Monday 11 February
GEORGY GIRL 1966 ** Directed by by Silvio Narizzano ** 99 minutes ** In English
This is an unusual cult film. It was shot in the 1960s England just as so-called 'swinging London' is beginning to burst open. It has a catchy theme song and follows the plight of a young girl in the modern world. So what is so unusual about it? Simply the fact that our main character Georgina isn't conventionally beautiful... she's a bit overweight, too tall, awkward and frumpy. She represents the type of person we never see in movies as a main protagonist, who is normally relegated to the sidelines in minor roles. She is played by Lynn Redgrave, who lets all the air out of our fashion ideals and the pressure to act like a cardboard cut-out stereotype. But on the other hand, she isn't a loser - she is vivacious, willing to throw herself into life... she's open and searching. This edge gives this off-beat film a frisky, spunky, fresh energy.

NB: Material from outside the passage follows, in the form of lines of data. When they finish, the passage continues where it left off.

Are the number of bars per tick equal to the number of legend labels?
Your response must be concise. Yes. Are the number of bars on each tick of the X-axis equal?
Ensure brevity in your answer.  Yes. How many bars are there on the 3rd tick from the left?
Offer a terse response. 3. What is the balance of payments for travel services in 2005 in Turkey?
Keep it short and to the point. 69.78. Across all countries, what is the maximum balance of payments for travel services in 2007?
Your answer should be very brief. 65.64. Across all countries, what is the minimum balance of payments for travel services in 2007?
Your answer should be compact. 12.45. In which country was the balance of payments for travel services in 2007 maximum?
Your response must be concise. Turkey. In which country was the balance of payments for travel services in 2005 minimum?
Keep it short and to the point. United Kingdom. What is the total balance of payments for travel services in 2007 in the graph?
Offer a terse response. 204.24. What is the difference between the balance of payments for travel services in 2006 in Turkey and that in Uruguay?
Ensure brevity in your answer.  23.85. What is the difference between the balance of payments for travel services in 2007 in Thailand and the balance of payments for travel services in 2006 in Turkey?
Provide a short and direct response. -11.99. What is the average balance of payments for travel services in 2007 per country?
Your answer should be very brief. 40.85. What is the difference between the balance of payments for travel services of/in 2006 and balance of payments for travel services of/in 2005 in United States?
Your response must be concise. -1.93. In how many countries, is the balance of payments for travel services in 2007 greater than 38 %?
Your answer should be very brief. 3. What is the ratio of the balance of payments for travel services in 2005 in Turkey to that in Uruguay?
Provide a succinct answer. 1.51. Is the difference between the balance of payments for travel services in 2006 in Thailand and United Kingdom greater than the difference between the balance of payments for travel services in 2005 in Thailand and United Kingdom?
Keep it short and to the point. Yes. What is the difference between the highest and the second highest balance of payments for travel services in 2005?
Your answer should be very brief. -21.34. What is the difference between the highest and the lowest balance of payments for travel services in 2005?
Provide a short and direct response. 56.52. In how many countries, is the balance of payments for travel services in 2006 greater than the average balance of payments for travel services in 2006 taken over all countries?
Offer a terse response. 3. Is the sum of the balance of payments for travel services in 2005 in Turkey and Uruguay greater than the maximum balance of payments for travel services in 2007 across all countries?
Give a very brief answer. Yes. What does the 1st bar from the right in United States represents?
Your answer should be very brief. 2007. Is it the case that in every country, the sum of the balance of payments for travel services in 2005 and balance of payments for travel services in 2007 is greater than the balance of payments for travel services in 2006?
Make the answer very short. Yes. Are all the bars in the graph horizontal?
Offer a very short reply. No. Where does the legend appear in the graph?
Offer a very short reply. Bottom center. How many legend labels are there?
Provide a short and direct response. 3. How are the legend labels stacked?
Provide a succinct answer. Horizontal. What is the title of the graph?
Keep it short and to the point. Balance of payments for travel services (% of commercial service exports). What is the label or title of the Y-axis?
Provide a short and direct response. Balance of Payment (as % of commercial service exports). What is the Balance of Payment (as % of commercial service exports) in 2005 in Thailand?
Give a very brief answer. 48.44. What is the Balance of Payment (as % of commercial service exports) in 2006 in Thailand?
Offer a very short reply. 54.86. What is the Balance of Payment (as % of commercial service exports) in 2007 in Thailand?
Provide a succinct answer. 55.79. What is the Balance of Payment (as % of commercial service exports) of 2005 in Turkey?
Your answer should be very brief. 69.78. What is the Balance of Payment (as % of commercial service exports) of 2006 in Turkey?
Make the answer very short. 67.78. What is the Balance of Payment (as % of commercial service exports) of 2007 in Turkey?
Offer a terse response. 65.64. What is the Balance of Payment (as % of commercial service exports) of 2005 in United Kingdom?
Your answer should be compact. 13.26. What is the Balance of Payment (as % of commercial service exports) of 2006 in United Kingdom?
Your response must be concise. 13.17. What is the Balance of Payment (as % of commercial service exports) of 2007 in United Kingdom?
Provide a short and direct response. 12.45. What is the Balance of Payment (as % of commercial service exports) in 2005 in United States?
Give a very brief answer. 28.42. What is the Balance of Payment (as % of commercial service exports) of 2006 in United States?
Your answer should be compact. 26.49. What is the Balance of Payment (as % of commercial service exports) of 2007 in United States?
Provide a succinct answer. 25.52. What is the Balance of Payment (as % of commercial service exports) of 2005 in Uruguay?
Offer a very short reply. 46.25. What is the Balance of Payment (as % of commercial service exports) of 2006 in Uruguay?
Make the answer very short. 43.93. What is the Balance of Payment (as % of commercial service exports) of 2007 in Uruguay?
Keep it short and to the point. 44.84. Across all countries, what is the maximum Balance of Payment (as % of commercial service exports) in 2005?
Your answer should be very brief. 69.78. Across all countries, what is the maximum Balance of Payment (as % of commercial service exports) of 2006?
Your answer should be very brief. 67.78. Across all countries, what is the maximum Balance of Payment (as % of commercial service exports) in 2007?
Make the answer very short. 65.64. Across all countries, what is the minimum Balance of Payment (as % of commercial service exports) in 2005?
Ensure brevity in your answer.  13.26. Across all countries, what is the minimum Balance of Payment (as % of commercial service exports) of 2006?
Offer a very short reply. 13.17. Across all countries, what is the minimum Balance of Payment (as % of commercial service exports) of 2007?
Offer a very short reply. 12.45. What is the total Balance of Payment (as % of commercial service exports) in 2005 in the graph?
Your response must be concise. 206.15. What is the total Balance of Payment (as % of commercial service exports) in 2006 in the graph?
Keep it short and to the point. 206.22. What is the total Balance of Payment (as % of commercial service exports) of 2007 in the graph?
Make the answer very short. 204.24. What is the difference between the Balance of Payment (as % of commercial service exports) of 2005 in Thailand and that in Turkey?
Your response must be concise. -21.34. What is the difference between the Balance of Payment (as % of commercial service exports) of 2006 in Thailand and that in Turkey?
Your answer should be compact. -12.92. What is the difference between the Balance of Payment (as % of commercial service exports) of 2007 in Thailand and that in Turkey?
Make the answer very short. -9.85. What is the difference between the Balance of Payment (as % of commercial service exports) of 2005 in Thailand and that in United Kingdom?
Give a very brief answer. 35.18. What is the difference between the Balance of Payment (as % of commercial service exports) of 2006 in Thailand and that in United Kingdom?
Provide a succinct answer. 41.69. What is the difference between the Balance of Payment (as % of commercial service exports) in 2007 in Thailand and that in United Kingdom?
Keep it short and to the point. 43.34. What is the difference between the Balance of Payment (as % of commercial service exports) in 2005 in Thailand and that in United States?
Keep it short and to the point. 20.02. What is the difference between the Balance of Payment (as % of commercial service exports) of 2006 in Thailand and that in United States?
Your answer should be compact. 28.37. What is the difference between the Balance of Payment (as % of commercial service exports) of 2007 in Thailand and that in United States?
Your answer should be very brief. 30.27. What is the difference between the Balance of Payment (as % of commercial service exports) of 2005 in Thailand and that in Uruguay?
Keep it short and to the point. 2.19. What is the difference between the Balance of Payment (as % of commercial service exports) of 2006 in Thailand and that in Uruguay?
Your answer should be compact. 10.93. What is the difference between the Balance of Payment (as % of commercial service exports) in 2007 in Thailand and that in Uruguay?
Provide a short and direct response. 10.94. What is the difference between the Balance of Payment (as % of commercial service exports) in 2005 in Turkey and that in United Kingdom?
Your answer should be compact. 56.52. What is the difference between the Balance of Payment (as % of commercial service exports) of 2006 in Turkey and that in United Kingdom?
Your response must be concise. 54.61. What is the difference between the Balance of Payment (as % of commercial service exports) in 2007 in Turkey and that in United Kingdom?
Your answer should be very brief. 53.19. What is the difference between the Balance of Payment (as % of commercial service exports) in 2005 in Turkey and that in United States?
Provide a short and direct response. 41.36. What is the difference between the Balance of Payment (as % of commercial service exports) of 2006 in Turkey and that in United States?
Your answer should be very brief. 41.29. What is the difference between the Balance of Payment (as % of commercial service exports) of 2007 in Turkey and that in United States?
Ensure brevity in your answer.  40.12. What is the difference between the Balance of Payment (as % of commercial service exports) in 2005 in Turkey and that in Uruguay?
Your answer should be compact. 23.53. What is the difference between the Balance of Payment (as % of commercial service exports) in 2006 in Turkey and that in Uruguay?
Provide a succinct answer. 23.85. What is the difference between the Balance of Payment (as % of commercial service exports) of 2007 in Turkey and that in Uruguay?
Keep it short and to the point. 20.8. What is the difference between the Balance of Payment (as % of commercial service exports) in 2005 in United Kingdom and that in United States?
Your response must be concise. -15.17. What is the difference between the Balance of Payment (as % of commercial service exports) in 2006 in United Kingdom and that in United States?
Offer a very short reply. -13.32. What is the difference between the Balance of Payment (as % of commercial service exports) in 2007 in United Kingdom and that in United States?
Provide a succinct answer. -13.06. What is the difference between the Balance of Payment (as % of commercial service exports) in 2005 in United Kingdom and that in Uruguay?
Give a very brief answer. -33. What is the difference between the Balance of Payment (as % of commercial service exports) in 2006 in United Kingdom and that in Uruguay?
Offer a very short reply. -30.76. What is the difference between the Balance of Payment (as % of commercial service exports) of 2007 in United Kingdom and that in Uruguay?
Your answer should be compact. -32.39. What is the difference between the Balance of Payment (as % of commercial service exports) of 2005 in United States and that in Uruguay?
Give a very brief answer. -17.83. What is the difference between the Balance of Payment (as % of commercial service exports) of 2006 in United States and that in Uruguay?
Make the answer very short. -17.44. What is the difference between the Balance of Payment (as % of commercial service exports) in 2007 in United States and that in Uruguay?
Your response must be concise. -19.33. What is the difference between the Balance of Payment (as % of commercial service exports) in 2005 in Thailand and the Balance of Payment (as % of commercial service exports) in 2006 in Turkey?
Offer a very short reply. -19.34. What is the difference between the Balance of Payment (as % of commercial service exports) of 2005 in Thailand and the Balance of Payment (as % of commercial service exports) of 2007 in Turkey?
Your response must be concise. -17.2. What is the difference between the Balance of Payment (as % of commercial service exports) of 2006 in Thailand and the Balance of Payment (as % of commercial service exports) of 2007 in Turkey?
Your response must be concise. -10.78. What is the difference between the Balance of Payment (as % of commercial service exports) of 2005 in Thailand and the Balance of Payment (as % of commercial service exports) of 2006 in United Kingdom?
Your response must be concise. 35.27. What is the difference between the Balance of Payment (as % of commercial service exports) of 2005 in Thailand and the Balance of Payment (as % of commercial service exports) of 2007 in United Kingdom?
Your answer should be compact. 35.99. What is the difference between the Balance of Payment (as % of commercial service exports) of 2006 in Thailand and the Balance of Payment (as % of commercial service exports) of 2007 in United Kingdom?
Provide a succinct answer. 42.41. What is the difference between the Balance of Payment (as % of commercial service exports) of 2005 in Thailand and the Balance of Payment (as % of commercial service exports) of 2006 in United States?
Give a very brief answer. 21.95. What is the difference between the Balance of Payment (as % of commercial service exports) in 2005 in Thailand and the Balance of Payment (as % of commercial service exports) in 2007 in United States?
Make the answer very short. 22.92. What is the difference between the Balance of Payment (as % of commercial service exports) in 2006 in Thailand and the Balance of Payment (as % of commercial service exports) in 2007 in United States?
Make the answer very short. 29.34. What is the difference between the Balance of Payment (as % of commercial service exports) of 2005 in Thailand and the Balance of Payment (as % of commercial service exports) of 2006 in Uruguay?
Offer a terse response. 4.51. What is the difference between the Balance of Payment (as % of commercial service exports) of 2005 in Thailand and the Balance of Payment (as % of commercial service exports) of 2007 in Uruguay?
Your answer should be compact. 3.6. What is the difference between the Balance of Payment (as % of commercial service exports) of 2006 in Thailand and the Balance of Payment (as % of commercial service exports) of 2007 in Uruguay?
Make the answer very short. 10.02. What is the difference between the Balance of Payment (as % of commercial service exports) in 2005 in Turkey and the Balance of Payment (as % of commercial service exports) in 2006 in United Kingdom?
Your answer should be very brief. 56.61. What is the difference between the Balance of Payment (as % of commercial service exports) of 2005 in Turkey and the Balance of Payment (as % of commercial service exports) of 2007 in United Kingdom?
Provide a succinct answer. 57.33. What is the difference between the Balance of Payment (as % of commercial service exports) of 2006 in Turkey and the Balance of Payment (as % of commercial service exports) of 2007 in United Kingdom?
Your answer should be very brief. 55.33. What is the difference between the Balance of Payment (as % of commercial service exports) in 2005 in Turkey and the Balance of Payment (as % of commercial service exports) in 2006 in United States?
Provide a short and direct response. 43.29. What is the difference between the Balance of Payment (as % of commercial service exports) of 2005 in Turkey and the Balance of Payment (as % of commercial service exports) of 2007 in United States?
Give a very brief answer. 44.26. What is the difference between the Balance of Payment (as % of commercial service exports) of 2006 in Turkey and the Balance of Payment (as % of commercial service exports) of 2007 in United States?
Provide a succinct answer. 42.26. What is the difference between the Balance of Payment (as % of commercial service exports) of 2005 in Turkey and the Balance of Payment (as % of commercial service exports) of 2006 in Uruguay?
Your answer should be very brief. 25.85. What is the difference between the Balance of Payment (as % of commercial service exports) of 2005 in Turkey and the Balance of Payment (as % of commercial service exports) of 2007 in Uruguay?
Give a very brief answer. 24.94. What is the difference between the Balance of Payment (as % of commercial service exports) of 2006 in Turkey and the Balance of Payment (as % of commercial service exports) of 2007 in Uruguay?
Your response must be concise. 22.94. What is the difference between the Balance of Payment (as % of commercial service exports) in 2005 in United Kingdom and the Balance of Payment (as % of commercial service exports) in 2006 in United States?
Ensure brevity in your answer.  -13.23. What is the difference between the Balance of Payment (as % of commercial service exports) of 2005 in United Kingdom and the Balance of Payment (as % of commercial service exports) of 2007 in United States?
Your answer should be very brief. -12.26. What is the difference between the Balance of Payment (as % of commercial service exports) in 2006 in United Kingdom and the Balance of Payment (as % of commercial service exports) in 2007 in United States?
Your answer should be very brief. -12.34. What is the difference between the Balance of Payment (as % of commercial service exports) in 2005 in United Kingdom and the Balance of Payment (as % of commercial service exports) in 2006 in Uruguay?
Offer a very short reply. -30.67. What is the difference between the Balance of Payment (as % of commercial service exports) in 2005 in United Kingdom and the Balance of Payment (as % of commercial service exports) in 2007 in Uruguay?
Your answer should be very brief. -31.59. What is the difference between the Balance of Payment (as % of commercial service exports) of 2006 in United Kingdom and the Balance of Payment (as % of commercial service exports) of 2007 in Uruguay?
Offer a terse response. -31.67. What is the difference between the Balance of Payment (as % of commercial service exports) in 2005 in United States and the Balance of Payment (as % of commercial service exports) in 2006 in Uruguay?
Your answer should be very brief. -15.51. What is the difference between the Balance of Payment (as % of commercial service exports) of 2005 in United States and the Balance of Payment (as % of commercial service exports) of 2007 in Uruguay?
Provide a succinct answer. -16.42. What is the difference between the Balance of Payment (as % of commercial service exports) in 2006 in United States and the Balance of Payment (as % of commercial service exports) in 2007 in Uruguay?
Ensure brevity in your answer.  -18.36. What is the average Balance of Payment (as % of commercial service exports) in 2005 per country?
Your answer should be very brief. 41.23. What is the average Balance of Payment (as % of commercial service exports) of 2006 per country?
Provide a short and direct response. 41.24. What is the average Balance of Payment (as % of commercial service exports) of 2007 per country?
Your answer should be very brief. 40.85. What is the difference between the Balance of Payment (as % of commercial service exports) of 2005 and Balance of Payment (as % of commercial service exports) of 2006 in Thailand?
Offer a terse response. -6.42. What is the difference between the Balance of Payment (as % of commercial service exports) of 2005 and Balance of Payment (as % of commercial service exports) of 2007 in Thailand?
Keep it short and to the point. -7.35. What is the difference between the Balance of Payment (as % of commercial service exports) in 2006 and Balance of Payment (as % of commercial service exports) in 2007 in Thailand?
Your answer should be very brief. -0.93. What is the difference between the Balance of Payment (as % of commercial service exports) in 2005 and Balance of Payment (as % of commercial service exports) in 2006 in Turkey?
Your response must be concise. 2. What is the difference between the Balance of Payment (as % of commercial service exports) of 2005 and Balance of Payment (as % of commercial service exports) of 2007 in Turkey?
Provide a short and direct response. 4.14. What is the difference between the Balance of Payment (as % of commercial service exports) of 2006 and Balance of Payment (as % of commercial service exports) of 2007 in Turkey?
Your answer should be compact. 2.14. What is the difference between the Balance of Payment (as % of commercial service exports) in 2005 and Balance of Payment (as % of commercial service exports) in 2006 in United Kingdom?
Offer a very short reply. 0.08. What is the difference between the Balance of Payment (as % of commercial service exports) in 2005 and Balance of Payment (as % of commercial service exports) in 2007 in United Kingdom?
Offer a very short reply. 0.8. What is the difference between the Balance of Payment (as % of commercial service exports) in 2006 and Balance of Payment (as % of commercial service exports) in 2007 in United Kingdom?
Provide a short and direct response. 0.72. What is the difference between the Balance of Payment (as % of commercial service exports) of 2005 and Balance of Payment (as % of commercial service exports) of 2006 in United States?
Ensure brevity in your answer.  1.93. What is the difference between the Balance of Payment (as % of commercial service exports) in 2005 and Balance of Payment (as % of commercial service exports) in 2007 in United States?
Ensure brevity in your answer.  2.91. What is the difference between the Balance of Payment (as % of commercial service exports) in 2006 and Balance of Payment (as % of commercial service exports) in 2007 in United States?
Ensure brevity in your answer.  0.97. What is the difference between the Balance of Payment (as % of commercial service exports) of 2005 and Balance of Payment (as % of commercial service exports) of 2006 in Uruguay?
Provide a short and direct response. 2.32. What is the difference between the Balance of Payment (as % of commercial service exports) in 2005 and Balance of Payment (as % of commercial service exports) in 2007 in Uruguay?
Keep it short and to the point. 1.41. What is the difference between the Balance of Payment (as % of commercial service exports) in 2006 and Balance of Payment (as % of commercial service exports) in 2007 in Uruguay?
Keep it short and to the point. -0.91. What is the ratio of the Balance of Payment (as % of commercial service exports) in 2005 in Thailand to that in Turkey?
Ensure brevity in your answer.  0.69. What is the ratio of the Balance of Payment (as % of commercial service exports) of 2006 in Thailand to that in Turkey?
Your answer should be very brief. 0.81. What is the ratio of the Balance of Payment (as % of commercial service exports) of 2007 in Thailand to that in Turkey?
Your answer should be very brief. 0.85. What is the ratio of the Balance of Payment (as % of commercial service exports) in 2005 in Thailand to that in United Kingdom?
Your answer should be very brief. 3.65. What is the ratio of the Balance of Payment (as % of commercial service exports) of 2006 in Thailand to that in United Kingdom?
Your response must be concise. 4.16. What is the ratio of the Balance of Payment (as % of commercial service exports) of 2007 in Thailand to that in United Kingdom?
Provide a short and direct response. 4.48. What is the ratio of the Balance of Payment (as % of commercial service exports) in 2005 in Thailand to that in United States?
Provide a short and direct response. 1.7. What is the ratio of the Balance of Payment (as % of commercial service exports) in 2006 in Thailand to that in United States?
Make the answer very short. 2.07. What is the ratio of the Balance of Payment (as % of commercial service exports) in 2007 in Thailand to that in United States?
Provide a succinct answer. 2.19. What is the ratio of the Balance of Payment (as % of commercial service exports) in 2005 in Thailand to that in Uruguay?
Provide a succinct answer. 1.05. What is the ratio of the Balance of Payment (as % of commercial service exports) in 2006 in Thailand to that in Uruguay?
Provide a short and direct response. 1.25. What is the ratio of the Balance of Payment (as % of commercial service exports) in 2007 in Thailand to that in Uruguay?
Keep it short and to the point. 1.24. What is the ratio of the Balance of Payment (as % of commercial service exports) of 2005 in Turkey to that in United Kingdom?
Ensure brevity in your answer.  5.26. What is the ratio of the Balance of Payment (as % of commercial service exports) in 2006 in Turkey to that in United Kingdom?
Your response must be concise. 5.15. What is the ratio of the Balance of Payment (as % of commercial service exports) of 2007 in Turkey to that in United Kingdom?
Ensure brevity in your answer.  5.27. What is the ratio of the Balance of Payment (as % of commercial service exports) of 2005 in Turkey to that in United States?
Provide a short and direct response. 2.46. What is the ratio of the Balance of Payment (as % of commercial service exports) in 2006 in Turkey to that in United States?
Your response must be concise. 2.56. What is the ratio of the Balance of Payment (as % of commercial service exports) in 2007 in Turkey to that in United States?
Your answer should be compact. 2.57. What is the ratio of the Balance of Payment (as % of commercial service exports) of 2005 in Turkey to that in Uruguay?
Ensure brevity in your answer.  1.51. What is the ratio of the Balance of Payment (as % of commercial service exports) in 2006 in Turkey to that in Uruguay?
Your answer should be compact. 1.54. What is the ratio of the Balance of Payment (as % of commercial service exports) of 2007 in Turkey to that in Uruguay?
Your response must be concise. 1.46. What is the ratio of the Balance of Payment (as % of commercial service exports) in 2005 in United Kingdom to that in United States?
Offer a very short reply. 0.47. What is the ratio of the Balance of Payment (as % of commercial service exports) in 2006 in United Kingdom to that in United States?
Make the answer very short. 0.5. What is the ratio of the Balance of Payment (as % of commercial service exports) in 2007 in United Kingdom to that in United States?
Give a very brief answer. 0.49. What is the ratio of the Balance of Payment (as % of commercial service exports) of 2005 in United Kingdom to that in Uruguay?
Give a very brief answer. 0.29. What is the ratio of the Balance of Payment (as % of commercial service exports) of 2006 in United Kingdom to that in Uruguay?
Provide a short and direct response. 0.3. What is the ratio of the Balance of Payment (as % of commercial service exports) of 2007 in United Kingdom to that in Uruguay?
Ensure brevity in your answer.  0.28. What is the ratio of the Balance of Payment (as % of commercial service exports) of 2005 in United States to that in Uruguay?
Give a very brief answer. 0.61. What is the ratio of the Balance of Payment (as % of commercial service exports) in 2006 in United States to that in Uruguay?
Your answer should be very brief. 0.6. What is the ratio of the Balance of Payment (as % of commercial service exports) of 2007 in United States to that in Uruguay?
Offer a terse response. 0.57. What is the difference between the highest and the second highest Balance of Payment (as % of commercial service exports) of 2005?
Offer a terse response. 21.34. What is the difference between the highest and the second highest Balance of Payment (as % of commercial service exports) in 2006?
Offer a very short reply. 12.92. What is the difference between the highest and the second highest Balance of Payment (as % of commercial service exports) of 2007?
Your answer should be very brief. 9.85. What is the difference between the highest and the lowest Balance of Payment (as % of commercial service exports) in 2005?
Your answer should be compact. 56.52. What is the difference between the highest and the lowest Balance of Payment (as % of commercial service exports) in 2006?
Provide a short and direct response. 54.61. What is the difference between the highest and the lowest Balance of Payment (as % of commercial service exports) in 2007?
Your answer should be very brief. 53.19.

Georgina's roommate Meredith (Charlotte Rampling) is her polar opposite - she's attractive and has a boyfriend (Alan Bates). But both of these women, Georgina and Meredith, are trying to embrace life in their own way. Georgy Girl has an overflowing, carefree spirit that gives it a slight French Nouvelle Vague edge. Also described as an anti-romantic romance comedy, this was a movie that went against the grain and was subversive by showing how hollow mass movements and fads are; all they do is up new stereotypes, and the sixties were no exception. The theme song, with lyrics by Jim Dale and recorded by The Seekers, became a gigantic hit. It is a bit heartbreaking that modern cinema has become so jaded that it can't even come close to a movie like this. The cast - which includes James Mason - is brilliant, and it was Charlotte Rampling's debut in cinema.